From medic to martial artist: 'Thunder' medic becomes combatives instructor
CAMP CASEY, South Korea - Maintaining one's physical condition up to military standards is one of the most important aspects for all Soldiers in the Army. However, physical strength and endurance is not always enough for those serving in a high-risk area such as the Korean peninsula.
In order to enhance Soldiers' close-combat skills, the Army has created the Master Combatives course for Soldiers at all echelons. The master combatives training allows Soldiers to learn advanced close-combat and tactical skills to further their combative techniques as well as to gain a better understanding of how to teach the techniques to Soldiers in their units.
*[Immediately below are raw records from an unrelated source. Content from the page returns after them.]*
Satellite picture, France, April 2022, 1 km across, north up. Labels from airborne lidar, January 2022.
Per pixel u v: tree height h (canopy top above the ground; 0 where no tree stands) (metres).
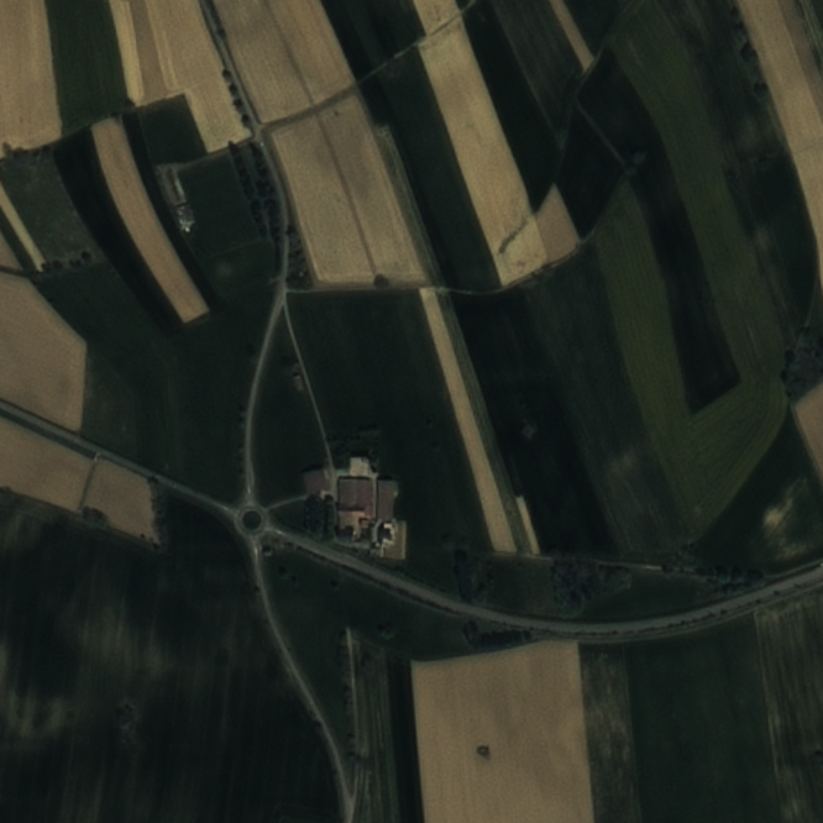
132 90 0
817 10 0
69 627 0
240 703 0
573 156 0
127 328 0
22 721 0
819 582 0
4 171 0
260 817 0
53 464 0
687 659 0
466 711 0
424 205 0
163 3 0
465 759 0
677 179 0
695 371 0
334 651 0
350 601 0
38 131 0
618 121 0
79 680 0
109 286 0
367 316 0
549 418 0
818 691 0
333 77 0
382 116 0
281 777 0
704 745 0
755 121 0
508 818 0
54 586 0
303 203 0
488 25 0
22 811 0
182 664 0
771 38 0
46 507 0
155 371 0
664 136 0
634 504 0
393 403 0
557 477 0
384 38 0
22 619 0
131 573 0
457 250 0
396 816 0
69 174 0
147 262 0
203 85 0
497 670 0
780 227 0
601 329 0
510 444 0
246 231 0
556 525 0
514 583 0
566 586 12
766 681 0
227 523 0
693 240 0
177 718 0
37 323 0
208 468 0
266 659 0
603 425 0
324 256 0
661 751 0
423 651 0
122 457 0
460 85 0
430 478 0
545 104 0
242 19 0
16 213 0
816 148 0
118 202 0
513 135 0
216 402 0
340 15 0
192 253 0
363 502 0
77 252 0
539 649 0
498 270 0
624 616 0
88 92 0
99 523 16
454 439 0
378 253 0
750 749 0
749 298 0
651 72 0
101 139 0
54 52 0
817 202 0
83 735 0
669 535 0
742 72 0
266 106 0
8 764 0
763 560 0
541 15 0
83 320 0
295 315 0
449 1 0
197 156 0
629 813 0
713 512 0
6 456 0
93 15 0
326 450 0
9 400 0
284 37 0
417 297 0
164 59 0
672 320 0
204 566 0
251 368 0
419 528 0
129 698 0
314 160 0
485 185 0
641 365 0
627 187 0
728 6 0
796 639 0
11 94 0
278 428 0
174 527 0
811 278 0
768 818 0
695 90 0
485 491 0
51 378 0
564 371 0
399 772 0
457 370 0
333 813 0
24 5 0
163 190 0
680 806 0
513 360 0
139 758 0
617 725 0
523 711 0
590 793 0
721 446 0
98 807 0
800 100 0
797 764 0
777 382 0
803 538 0
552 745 0
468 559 15
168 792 0
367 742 0
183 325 0
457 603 0
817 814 0
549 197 0
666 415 0
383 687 0
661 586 0
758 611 0
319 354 0
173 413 0
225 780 0
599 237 0
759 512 0
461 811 0
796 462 0
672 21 0
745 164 0
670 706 0
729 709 0
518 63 0
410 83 0
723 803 0
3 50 0
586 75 0
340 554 0
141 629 0
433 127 0
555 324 0
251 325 0
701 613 0
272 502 0
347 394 0
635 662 0
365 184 0
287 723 0
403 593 8
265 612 0
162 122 0
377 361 0
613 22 0
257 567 0
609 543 0
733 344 0
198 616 0
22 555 0
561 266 0
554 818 0
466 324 0
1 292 0
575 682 0
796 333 0
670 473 0
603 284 0
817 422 0
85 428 0
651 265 0

Staff Sgt. Kimberly Dees, a senior medic assigned to 6th Battalion, 37th Field Artillery Regiment, 210th Field Artillery Brigade, 2nd Infantry Division/ROK - U.S Combined Division, has proudly completed the Master Combatives course as an honor graduate of the light-weight class.
Dees had been attracted to the martial arts ever since she was young. She was not offered a chance to learn martial arts until she joined the Army and found her first opportunity through the modern Army Combatives Program.
"I never had a chance to learn martial arts when I was young. I ran into the combatives course in Iraq when I was deployed in 2010," said Dees. "My squad walked into a gym for physical training one day and found my now husband teaching combatives to other Soldiers. From that moment I fell in love with the sport."
Previous to falling love with the martial arts, Dees' greatest weakness was physical fitness. Her desire to change herself and serve the country were the critical reasons to enlist in the Army.
"Before I joined the Army, I did two years in college," said Dees. "I was struggling with my studies and my health. Then one day, I walked past the recruitment office and decided to join the Army to change myself and do something for my country."
Her decision to join the Army on that day set a path for her toward combatives training. Putting herself in a position where she would have to challenge herself to meet the standards of the Army guided her to overcome her physical weakness.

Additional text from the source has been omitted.